> Problem description
Find the line with "HFOV = 34.1" in the entries below. Repeat it, every following line, and the line with "fondant box from (509, 0) to (582, 40)", exactly and with nothing added.

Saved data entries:
* * *

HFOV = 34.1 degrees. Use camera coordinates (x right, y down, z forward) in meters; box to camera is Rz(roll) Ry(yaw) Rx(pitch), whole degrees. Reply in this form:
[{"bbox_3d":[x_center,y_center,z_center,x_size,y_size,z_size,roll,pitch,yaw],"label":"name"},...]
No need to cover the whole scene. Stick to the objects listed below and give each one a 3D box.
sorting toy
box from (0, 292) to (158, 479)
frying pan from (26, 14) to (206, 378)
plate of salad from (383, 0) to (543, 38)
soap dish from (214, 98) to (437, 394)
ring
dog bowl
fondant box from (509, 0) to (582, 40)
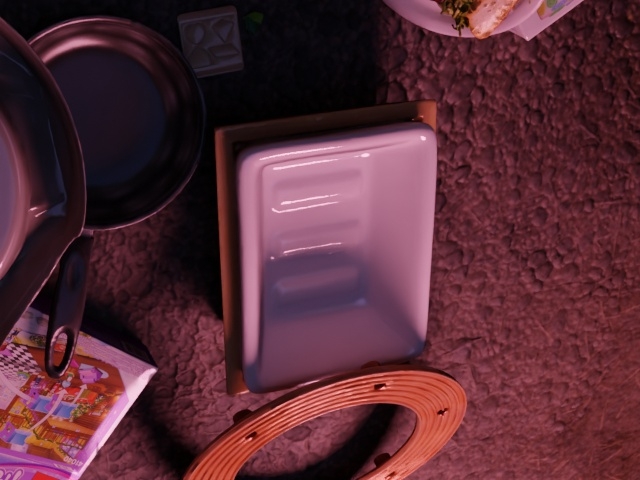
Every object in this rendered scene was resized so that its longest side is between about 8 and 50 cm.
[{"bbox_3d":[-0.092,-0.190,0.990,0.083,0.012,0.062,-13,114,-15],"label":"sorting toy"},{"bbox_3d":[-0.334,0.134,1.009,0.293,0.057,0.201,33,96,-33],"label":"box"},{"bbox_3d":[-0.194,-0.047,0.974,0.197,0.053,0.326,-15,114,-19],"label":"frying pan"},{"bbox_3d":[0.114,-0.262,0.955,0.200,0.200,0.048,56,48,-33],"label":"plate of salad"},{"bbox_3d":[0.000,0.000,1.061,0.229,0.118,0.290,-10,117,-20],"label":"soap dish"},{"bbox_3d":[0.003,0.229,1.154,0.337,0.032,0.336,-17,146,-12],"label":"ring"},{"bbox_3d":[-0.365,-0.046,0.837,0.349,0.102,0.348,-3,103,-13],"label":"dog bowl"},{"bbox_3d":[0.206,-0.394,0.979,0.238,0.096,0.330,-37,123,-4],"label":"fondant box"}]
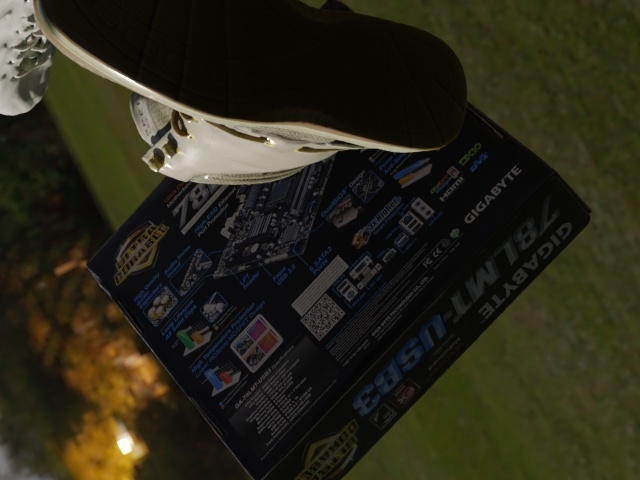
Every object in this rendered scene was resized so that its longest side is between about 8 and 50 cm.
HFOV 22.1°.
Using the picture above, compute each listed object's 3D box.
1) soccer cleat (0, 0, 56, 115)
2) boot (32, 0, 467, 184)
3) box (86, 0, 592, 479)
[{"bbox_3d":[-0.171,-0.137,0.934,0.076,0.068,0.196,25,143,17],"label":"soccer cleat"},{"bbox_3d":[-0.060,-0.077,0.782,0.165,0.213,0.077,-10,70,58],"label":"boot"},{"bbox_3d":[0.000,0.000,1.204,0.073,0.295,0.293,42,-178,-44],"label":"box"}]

* * *

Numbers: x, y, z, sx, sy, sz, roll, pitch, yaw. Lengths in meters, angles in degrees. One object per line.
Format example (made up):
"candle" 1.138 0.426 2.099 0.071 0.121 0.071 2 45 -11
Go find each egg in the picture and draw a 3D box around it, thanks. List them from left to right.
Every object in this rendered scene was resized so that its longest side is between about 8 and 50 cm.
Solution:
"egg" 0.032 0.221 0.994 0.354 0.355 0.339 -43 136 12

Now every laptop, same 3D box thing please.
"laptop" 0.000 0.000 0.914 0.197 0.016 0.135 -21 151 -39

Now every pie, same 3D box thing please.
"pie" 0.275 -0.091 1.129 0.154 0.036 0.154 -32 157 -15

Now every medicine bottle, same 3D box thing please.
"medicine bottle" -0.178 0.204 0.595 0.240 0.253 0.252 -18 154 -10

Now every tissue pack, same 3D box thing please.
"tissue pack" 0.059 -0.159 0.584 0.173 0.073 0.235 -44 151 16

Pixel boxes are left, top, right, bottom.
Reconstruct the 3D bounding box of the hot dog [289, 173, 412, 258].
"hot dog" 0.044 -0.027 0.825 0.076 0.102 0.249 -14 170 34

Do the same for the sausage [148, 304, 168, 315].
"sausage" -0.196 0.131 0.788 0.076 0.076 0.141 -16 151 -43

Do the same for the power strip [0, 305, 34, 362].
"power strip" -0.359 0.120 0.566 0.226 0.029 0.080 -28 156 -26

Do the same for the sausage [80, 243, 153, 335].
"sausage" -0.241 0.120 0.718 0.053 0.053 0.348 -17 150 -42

* * *

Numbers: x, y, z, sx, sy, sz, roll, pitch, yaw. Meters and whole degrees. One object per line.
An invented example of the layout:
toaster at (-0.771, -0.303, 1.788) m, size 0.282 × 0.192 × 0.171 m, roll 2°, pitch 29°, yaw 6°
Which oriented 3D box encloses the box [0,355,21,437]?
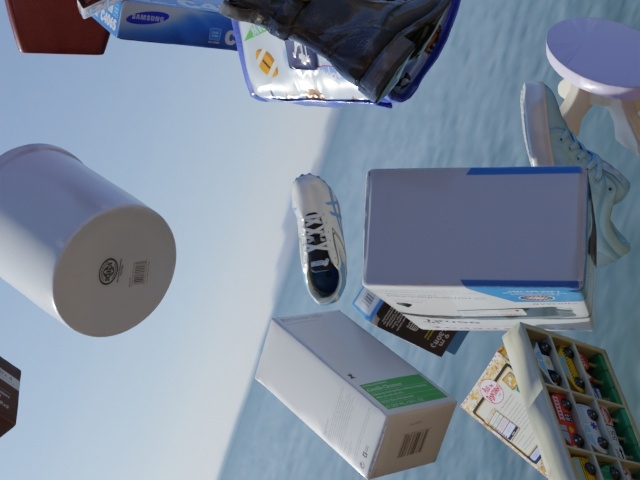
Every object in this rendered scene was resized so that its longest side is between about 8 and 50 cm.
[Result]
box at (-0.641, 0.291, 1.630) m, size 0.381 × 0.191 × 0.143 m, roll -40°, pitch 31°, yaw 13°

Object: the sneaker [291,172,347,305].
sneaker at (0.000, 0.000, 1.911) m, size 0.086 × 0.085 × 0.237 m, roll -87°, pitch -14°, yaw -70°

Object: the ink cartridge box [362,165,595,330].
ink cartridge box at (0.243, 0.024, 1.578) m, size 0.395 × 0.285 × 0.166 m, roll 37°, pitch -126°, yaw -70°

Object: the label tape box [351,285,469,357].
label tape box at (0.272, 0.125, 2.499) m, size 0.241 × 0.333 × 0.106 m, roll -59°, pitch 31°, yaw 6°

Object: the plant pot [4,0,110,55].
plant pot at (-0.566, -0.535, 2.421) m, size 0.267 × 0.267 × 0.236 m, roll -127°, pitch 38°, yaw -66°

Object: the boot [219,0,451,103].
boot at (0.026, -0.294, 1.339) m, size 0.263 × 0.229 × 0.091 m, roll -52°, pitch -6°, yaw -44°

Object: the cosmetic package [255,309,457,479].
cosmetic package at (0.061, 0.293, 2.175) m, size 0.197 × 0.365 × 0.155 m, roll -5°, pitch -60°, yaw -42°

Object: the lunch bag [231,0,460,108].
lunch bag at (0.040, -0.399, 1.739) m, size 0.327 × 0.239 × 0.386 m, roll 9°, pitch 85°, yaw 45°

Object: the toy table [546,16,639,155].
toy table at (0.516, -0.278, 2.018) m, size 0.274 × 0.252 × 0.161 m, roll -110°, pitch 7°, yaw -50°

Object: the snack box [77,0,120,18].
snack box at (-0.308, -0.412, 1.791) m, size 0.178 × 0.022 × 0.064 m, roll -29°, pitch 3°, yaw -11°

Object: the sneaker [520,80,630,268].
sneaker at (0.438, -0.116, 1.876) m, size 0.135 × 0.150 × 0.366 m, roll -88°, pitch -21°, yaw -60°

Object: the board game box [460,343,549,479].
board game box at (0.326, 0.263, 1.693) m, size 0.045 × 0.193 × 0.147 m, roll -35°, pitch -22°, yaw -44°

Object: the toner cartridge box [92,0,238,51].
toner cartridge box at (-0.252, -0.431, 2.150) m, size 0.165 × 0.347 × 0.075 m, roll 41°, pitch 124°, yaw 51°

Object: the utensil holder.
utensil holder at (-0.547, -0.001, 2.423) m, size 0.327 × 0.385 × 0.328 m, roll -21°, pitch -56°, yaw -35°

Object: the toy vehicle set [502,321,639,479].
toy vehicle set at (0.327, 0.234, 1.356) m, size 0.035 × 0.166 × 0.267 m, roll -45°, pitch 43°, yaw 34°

* * *

> Final answer
HFOV = 34.1 degrees. Use camera coordinates (x right, y down, z forward) in meters; box to camera is Rz(roll) Ry(yaw) Rx(pitch), whole degrees. Reply in this form:
[{"bbox_3d":[x_center,y_center,z_center,x_size,y_size,z_size,roll,pitch,yaw],"label":"name"},...]
No need to cover the whole scene. Stick to the objects listed below and give each one a 3D box.
sorting toy
box from (0, 292) to (158, 479)
frying pan from (26, 14) to (206, 378)
plate of salad from (383, 0) to (543, 38)
soap dish from (214, 98) to (437, 394)
ring
dog bowl
fondant box from (509, 0) to (582, 40)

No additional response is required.